This document reports an empirical finding about the convergence speed of stochastic gradient algorithms applied to finite training set and challenges the attendees of SLDS 2009 with their theoretical implications. The stochastic gradient optimization theory states that the residual error decreases no faster than t-1 when the examples are picked randomly with replacement. The main observation is that picking the examples with replacement (i.e. shuffling the data before each epoch and going sequentially) achieves a speed curiously close to t-2. To my knowledge (as of 2014), the convergence speed for SGD sampled without replacement has not been theoretically established. Although the open problems were not published in the SLDS 2009 conference book, this finding was mentioned and replicated in the journal version of the Pegasos paper (2011, section 7.5).
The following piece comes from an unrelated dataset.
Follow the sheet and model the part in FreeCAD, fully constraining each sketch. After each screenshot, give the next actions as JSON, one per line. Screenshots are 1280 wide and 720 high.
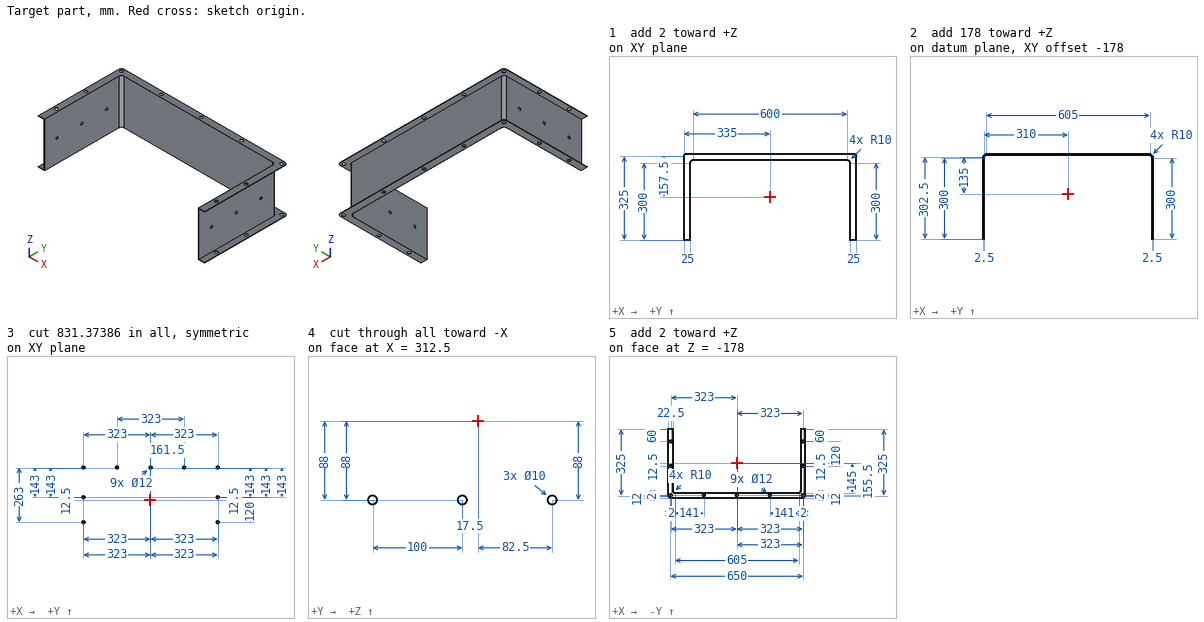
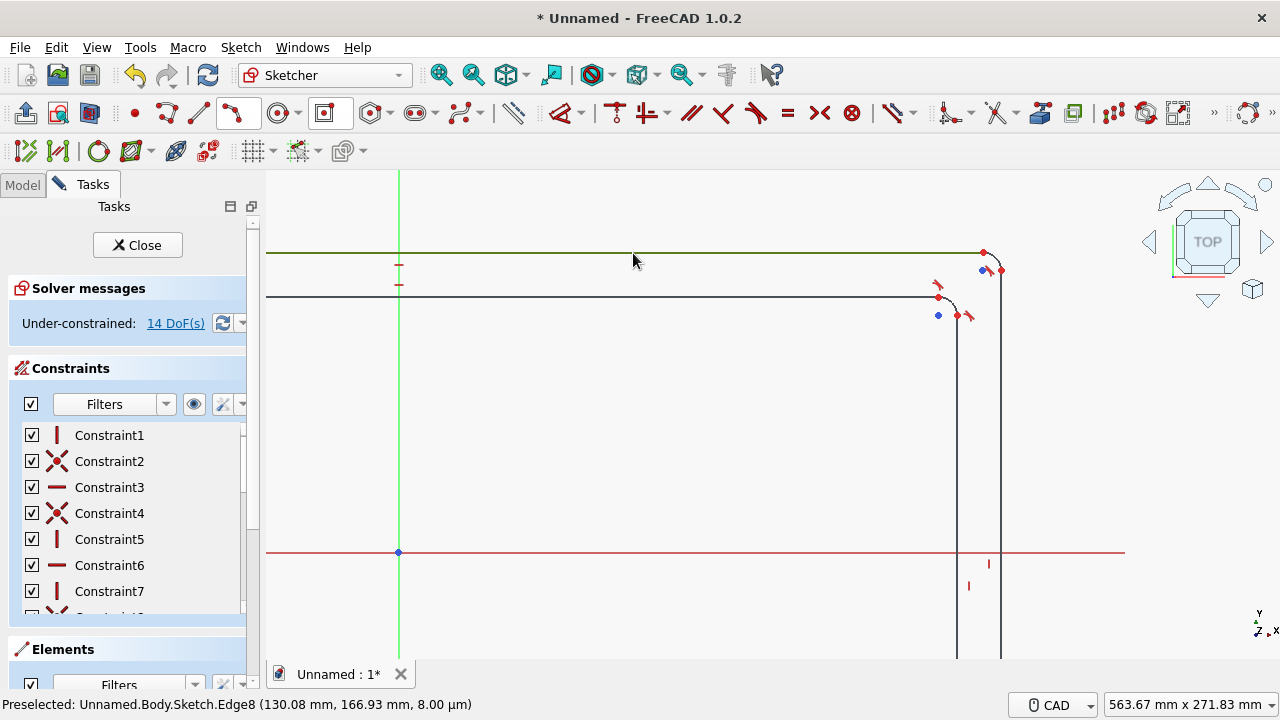
{"action": "left_click", "coordinate": [996, 258]}
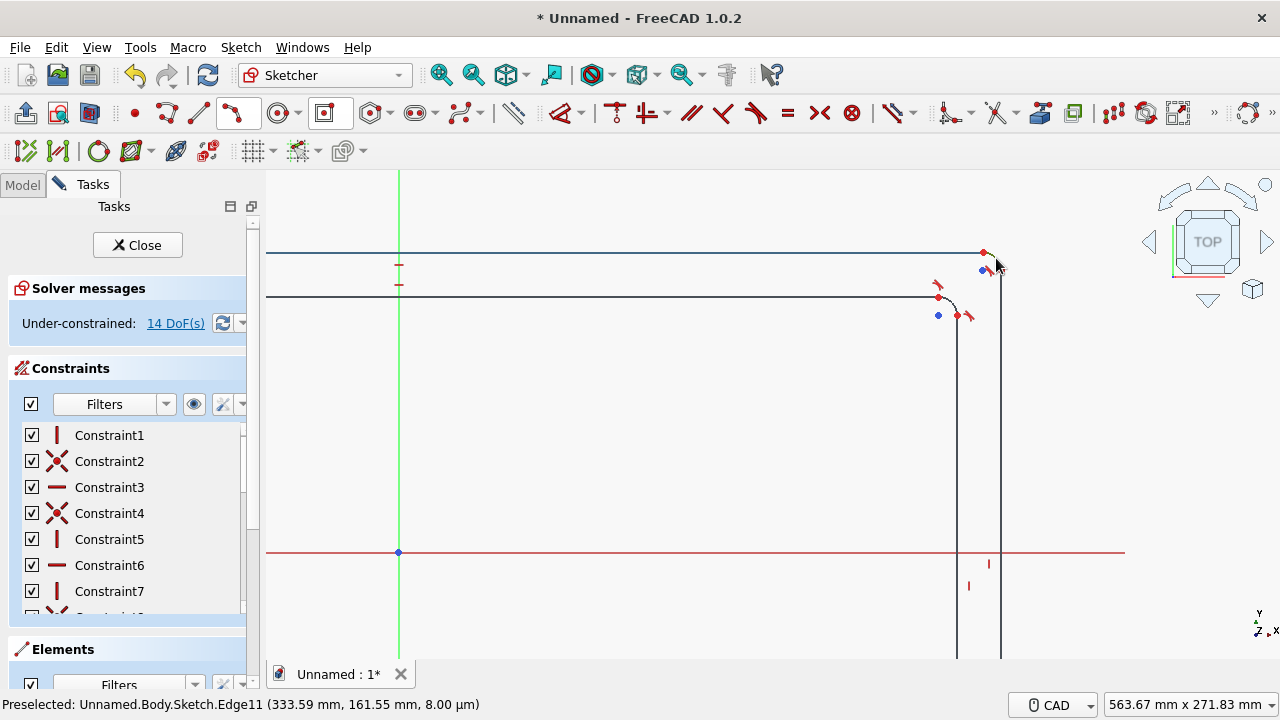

This open problem was also mentioned by Ben Recht during the IPAM Workshop on Stochastic Gradient Methods (2014) in relation with the much more impressive speeds achieved by recent algorithms for the optimization of finite sums (SAG, SVRG.)

New (Dec 2015):   Asu Ozdaglar gave a proof during her NIPS 2015 invited talk. (video recording ) (ArXiV)


Léon Bottou: Curiously fast convergence of some stochastic gradient descent algorithms, Unpublished open problem offered to the attendance of the SLDS 2009 conference, 2009.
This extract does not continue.